[Items from a dataset]
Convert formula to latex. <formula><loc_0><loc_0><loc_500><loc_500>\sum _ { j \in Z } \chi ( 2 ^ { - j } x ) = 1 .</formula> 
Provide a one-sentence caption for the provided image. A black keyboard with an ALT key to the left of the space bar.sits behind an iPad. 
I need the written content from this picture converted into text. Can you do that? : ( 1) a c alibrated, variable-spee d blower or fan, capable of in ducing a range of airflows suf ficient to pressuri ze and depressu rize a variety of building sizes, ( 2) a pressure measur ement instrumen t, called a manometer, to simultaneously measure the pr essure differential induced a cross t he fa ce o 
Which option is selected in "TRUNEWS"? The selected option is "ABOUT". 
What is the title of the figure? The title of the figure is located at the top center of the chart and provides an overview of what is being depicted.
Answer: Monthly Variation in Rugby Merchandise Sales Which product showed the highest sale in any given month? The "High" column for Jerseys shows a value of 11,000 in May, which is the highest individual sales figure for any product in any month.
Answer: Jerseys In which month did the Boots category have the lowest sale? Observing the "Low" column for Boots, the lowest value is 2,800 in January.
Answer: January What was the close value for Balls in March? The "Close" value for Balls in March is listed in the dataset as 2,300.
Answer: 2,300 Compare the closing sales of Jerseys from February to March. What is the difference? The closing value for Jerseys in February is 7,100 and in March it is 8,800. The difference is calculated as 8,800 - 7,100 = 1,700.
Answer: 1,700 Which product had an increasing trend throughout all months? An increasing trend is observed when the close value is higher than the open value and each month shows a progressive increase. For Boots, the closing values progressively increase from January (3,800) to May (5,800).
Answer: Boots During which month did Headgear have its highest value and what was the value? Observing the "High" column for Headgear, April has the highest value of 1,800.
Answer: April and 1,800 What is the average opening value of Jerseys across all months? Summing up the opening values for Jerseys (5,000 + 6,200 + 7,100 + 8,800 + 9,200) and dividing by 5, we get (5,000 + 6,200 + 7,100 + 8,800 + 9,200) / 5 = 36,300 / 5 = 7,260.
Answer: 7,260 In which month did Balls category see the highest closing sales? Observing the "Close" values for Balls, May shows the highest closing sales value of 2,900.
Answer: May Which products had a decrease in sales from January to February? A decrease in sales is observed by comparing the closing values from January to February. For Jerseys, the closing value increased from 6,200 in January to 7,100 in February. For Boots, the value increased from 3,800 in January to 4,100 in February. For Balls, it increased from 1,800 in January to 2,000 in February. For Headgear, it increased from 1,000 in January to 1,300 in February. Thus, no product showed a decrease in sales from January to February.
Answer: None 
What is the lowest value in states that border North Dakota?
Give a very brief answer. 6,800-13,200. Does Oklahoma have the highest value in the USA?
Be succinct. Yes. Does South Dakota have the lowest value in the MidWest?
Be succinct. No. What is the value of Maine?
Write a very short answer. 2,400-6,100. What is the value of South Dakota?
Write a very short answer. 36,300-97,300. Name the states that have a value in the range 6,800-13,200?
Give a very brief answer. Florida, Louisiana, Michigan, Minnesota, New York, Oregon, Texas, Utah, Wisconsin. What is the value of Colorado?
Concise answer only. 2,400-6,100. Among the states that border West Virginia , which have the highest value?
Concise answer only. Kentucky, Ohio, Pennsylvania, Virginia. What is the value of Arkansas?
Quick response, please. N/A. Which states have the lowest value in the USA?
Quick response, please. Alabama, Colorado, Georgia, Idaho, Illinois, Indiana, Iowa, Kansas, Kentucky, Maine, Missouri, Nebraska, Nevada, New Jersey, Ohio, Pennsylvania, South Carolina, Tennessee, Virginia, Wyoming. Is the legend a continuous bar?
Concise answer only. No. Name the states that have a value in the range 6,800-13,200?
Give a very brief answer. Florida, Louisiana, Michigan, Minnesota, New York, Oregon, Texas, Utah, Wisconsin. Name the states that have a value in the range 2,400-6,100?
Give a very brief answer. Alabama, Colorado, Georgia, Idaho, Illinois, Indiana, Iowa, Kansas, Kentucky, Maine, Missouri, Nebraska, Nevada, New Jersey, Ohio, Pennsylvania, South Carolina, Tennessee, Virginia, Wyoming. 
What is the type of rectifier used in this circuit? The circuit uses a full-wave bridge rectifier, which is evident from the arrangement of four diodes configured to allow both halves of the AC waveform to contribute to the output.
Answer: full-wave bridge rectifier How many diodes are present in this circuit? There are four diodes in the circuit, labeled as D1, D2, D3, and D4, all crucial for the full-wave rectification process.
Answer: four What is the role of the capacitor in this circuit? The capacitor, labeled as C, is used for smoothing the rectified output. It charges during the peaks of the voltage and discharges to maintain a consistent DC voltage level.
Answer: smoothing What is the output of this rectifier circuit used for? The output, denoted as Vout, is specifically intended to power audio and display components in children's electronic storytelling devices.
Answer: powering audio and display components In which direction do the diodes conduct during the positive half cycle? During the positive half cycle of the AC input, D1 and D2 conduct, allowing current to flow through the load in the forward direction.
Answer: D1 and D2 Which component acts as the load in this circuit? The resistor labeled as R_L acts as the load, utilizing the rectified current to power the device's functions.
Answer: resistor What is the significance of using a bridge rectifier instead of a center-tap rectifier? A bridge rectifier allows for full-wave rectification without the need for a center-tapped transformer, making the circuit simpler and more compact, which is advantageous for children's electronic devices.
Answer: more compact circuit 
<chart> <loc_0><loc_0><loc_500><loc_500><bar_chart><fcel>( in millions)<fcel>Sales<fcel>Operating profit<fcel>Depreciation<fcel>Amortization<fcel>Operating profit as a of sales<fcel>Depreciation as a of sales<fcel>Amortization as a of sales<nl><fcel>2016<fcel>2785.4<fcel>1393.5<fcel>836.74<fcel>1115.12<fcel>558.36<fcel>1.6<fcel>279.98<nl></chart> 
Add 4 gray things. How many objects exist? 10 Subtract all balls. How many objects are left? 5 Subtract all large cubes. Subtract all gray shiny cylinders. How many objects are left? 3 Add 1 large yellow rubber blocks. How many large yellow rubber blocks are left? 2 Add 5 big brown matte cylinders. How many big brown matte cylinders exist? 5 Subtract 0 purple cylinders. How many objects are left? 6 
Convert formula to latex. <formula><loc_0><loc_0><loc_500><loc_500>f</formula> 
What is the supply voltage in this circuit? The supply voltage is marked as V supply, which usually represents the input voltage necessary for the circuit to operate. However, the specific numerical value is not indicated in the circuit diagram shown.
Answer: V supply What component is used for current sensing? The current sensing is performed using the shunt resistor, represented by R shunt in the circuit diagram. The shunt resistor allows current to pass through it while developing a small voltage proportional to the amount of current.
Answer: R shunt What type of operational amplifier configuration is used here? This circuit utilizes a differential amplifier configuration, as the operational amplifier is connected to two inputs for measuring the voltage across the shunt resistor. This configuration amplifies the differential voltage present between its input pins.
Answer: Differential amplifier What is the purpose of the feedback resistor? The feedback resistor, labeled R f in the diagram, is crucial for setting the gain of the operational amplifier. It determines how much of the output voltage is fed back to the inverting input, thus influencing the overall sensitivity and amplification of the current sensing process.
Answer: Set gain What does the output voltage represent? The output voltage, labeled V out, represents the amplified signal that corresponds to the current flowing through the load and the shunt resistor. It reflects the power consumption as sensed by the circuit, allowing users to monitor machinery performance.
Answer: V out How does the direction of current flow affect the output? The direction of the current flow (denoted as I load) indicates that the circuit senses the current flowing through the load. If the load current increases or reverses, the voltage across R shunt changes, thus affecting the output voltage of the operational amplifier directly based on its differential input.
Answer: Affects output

■ **EXERCISE BRIEF**
Repeat the entries exactly, leaving nothing out.

■ **SOLUTION FOR THIS PROBLEM**
Convert formula to latex. <formula><loc_0><loc_0><loc_500><loc_500>\sum _ { j \in Z } \chi ( 2 ^ { - j } x ) = 1 .</formula> 
Provide a one-sentence caption for the provided image. A black keyboard with an ALT key to the left of the space bar.sits behind an iPad. 
I need the written content from this picture converted into text. Can you do that? : ( 1) a c alibrated, variable-spee d blower or fan, capable of in ducing a range of airflows suf ficient to pressuri ze and depressu rize a variety of building sizes, ( 2) a pressure measur ement instrumen t, called a manometer, to simultaneously measure the pr essure differential induced a cross t he fa ce o 
Which option is selected in "TRUNEWS"? The selected option is "ABOUT". 
What is the title of the figure? The title of the figure is located at the top center of the chart and provides an overview of what is being depicted.
Answer: Monthly Variation in Rugby Merchandise Sales Which product showed the highest sale in any given month? The "High" column for Jerseys shows a value of 11,000 in May, which is the highest individual sales figure for any product in any month.
Answer: Jerseys In which month did the Boots category have the lowest sale? Observing the "Low" column for Boots, the lowest value is 2,800 in January.
Answer: January What was the close value for Balls in March? The "Close" value for Balls in March is listed in the dataset as 2,300.
Answer: 2,300 Compare the closing sales of Jerseys from February to March. What is the difference? The closing value for Jerseys in February is 7,100 and in March it is 8,800. The difference is calculated as 8,800 - 7,100 = 1,700.
Answer: 1,700 Which product had an increasing trend throughout all months? An increasing trend is observed when the close value is higher than the open value and each month shows a progressive increase. For Boots, the closing values progressively increase from January (3,800) to May (5,800).
Answer: Boots During which month did Headgear have its highest value and what was the value? Observing the "High" column for Headgear, April has the highest value of 1,800.
Answer: April and 1,800 What is the average opening value of Jerseys across all months? Summing up the opening values for Jerseys (5,000 + 6,200 + 7,100 + 8,800 + 9,200) and dividing by 5, we get (5,000 + 6,200 + 7,100 + 8,800 + 9,200) / 5 = 36,300 / 5 = 7,260.
Answer: 7,260 In which month did Balls category see the highest closing sales? Observing the "Close" values for Balls, May shows the highest closing sales value of 2,900.
Answer: May Which products had a decrease in sales from January to February? A decrease in sales is observed by comparing the closing values from January to February. For Jerseys, the closing value increased from 6,200 in January to 7,100 in February. For Boots, the value increased from 3,800 in January to 4,100 in February. For Balls, it increased from 1,800 in January to 2,000 in February. For Headgear, it increased from 1,000 in January to 1,300 in February. Thus, no product showed a decrease in sales from January to February.
Answer: None 
What is the lowest value in states that border North Dakota?
Give a very brief answer. 6,800-13,200. Does Oklahoma have the highest value in the USA?
Be succinct. Yes. Does South Dakota have the lowest value in the MidWest?
Be succinct. No. What is the value of Maine?
Write a very short answer. 2,400-6,100. What is the value of South Dakota?
Write a very short answer. 36,300-97,300. Name the states that have a value in the range 6,800-13,200?
Give a very brief answer. Florida, Louisiana, Michigan, Minnesota, New York, Oregon, Texas, Utah, Wisconsin. What is the value of Colorado?
Concise answer only. 2,400-6,100. Among the states that border West Virginia , which have the highest value?
Concise answer only. Kentucky, Ohio, Pennsylvania, Virginia. What is the value of Arkansas?
Quick response, please. N/A. Which states have the lowest value in the USA?
Quick response, please. Alabama, Colorado, Georgia, Idaho, Illinois, Indiana, Iowa, Kansas, Kentucky, Maine, Missouri, Nebraska, Nevada, New Jersey, Ohio, Pennsylvania, South Carolina, Tennessee, Virginia, Wyoming. Is the legend a continuous bar?
Concise answer only. No. Name the states that have a value in the range 6,800-13,200?
Give a very brief answer. Florida, Louisiana, Michigan, Minnesota, New York, Oregon, Texas, Utah, Wisconsin. Name the states that have a value in the range 2,400-6,100?
Give a very brief answer. Alabama, Colorado, Georgia, Idaho, Illinois, Indiana, Iowa, Kansas, Kentucky, Maine, Missouri, Nebraska, Nevada, New Jersey, Ohio, Pennsylvania, South Carolina, Tennessee, Virginia, Wyoming. 
What is the type of rectifier used in this circuit? The circuit uses a full-wave bridge rectifier, which is evident from the arrangement of four diodes configured to allow both halves of the AC waveform to contribute to the output.
Answer: full-wave bridge rectifier How many diodes are present in this circuit? There are four diodes in the circuit, labeled as D1, D2, D3, and D4, all crucial for the full-wave rectification process.
Answer: four What is the role of the capacitor in this circuit? The capacitor, labeled as C, is used for smoothing the rectified output. It charges during the peaks of the voltage and discharges to maintain a consistent DC voltage level.
Answer: smoothing What is the output of this rectifier circuit used for? The output, denoted as Vout, is specifically intended to power audio and display components in children's electronic storytelling devices.
Answer: powering audio and display components In which direction do the diodes conduct during the positive half cycle? During the positive half cycle of the AC input, D1 and D2 conduct, allowing current to flow through the load in the forward direction.
Answer: D1 and D2 Which component acts as the load in this circuit? The resistor labeled as R_L acts as the load, utilizing the rectified current to power the device's functions.
Answer: resistor What is the significance of using a bridge rectifier instead of a center-tap rectifier? A bridge rectifier allows for full-wave rectification without the need for a center-tapped transformer, making the circuit simpler and more compact, which is advantageous for children's electronic devices.
Answer: more compact circuit 
<chart> <loc_0><loc_0><loc_500><loc_500><bar_chart><fcel>( in millions)<fcel>Sales<fcel>Operating profit<fcel>Depreciation<fcel>Amortization<fcel>Operating profit as a of sales<fcel>Depreciation as a of sales<fcel>Amortization as a of sales<nl><fcel>2016<fcel>2785.4<fcel>1393.5<fcel>836.74<fcel>1115.12<fcel>558.36<fcel>1.6<fcel>279.98<nl></chart> 
Add 4 gray things. How many objects exist? 10 Subtract all balls. How many objects are left? 5 Subtract all large cubes. Subtract all gray shiny cylinders. How many objects are left? 3 Add 1 large yellow rubber blocks. How many large yellow rubber blocks are left? 2 Add 5 big brown matte cylinders. How many big brown matte cylinders exist? 5 Subtract 0 purple cylinders. How many objects are left? 6 
Convert formula to latex. <formula><loc_0><loc_0><loc_500><loc_500>f</formula> 
What is the supply voltage in this circuit? The supply voltage is marked as V supply, which usually represents the input voltage necessary for the circuit to operate. However, the specific numerical value is not indicated in the circuit diagram shown.
Answer: V supply What component is used for current sensing? The current sensing is performed using the shunt resistor, represented by R shunt in the circuit diagram. The shunt resistor allows current to pass through it while developing a small voltage proportional to the amount of current.
Answer: R shunt What type of operational amplifier configuration is used here? This circuit utilizes a differential amplifier configuration, as the operational amplifier is connected to two inputs for measuring the voltage across the shunt resistor. This configuration amplifies the differential voltage present between its input pins.
Answer: Differential amplifier What is the purpose of the feedback resistor? The feedback resistor, labeled R f in the diagram, is crucial for setting the gain of the operational amplifier. It determines how much of the output voltage is fed back to the inverting input, thus influencing the overall sensitivity and amplification of the current sensing process.
Answer: Set gain What does the output voltage represent? The output voltage, labeled V out, represents the amplified signal that corresponds to the current flowing through the load and the shunt resistor. It reflects the power consumption as sensed by the circuit, allowing users to monitor machinery performance.
Answer: V out How does the direction of current flow affect the output? The direction of the current flow (denoted as I load) indicates that the circuit senses the current flowing through the load. If the load current increases or reverses, the voltage across R shunt changes, thus affecting the output voltage of the operational amplifier directly based on its differential input.
Answer: Affects output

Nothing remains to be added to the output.